Axiata’s share price hit an all-time high of RM6.571 in November 2014 but has since been on a downtrend, reflecting the decline in its earnings. In short, its share price has largely fallen short of average consensus target prices in the past three years.

To be fair, Axiata is not alone. Most of the listed telecommunication stocks in the region have also seen their share prices decline. As at last Thursday, Maxis was down 12.3% year to date to RM5.27 while DiGi was down 18.2% to RM4.17. Across the causeway, StarHub and SingTel, two of the largest telcos listed on the Singapore Exchange, had lost 31.2% and 11.8% respectively.

Axiata, however, is among the worst performers, outperforming only Telekom Malaysia Bhd, which lost over 65% of its value after its share price closed at RM2.19 last Thursday, giving it a market capitalisation at RM8.3 billion.

Most analysts have attributed the decline to the challenging operating landscape of the industry, amid declining profit, competitive pricing and large capital expenditure (capex) requirements. Moody’s Investors Service vice-president and senior analyst Nidhi Dhruv says in a report, “Telecommunications — APAC: 2019 Outlook”, that all Asia-Pacific markets in which Moody’s-rated telecommunication companies operate will face strong competition next year, with new entrants in the competitive industries in Singapore, Japan and Australia.

Jamaludin knows first-hand just how challenging the regional operating landscape has become.

“The mobile industry over the last four years (2013 to 2017) has been on a downward trend (earnings). Revenue for the industry was down by 9%. We lost RM2.1 billion, apparently, as an industry. Profit was down by 15%. The industry lost RM815 million in profits and it’s going downwards.

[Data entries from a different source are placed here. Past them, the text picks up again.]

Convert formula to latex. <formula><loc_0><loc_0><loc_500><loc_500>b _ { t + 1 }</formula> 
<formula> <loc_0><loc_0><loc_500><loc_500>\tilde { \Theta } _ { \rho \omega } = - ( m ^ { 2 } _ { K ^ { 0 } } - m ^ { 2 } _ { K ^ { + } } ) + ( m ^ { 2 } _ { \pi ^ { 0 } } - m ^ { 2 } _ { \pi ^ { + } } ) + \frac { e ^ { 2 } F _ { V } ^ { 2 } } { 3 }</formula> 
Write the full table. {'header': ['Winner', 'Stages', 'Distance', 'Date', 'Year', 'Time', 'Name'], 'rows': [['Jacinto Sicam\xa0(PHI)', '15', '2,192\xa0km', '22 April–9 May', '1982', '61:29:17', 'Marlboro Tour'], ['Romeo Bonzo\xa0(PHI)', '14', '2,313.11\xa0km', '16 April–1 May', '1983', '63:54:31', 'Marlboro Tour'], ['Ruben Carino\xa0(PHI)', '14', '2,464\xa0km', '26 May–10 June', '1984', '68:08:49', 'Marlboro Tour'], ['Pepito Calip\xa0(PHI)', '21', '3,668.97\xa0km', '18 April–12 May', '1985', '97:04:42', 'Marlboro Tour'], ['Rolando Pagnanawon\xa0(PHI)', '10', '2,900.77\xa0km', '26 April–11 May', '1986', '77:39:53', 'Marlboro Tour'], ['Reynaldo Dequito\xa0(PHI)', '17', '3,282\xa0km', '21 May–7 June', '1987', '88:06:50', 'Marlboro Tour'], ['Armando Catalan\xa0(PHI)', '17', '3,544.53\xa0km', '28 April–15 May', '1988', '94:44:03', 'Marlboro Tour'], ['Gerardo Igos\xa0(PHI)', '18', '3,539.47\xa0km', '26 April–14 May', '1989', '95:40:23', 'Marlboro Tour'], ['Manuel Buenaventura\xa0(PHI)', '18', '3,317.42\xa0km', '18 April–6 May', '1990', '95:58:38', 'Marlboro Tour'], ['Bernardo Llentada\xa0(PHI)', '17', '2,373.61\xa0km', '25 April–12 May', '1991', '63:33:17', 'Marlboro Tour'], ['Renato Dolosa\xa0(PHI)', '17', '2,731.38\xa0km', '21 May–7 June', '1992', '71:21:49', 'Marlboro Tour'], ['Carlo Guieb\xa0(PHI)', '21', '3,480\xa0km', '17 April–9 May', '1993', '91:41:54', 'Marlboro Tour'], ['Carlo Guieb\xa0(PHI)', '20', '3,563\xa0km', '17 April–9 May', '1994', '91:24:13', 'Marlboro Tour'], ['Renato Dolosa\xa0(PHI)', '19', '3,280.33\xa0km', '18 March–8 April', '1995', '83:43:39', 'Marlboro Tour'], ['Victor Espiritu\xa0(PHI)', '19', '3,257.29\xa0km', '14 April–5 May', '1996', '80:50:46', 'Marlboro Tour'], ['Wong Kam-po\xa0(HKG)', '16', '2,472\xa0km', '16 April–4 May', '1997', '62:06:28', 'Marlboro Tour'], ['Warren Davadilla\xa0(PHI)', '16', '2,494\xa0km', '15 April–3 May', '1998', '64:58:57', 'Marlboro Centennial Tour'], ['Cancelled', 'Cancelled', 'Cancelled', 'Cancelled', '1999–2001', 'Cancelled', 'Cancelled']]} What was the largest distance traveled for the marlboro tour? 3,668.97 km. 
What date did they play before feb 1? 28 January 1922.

From 2013, it has been going down. It’s not a disaster but you can see how we’re under pressure,” says Jamaludin.

In Malaysia, the change in government following the 14th general election (GE14) also raised concerns of an even-tougher operating environment for the telco industry moving forward. 

It is worth noting that Axiata’s 28.2 times forward price-to-earnings (PER) multiple is still one of the highest among its regional peers. Mobile operators Maxis and DiGi are both trading at 20.9 times while fixed broadband players TM and TIME are trading at 13.5 and 18.6 times respectively. SingTel and Starhub are trading at between 15 and 16 times. Axiata’s 28.6%-owned M1 Ltd, Singapore’s third largest player, is trading at 15.2 times.

It remains to be seen whether the relatively higher earnings multiples will dampen Axiata’s share price.

For his part, Jamaludin says Axiata can still create value for its shareholders despite the challenging environment. “The way we look at it, to build value for the company, first, operational performance is a basic must. We must perform better than the market or the best in the market, and we’re doing that most of the time. [As for] the industry landscape, a consolidation [is necessary] so that at least we can have a reasonably good structure. And, of course, the regulation and macro [environment], we can only mitigate and influence. On top of that, we need to branch out into new business areas — home broadband, enterprise, tower, infrastructure and digital. That’s how we can bring value back to Axiata,” Jamaludin says.

The group’s efforts amid the challenges in the industry have led to some improvement at Celcom in Malaysia, PT XL Axiata TBK in Indonesia, Ncell Private Ltd in Nepal, Dialog Axiata PLC in Sri Lanka and Smart Axiata Co. Ltd.

In Malaysia, Celcom has lost some ground when it comes to subscriber market share. Four years ago, in the second quarter ended June 30, 2014 (2QFY2014), it was the No 1 player in both the postpaid and prepaid segments with market shares of 38.9% and 36.6% respectively. However, based on its 2QFY2018 numbers, Celcom is the second largest player in both segments, with market shares of 33.5% and 30.1% respectively.

Its average revenue per user (Arpu) remains flat as compared with four years ago but has shown improvement from a year ago. In the postpaid segment, Arpu improved by 6.1% year on year to RM87 in 2QFY2018 while in the prepaid segment, it grew 12.9% to RM35.

A sustained improvement in earnings at Celcom is one of the key factors investors will look out for as they weigh whether Axiata has been sold down enough and rerated higher.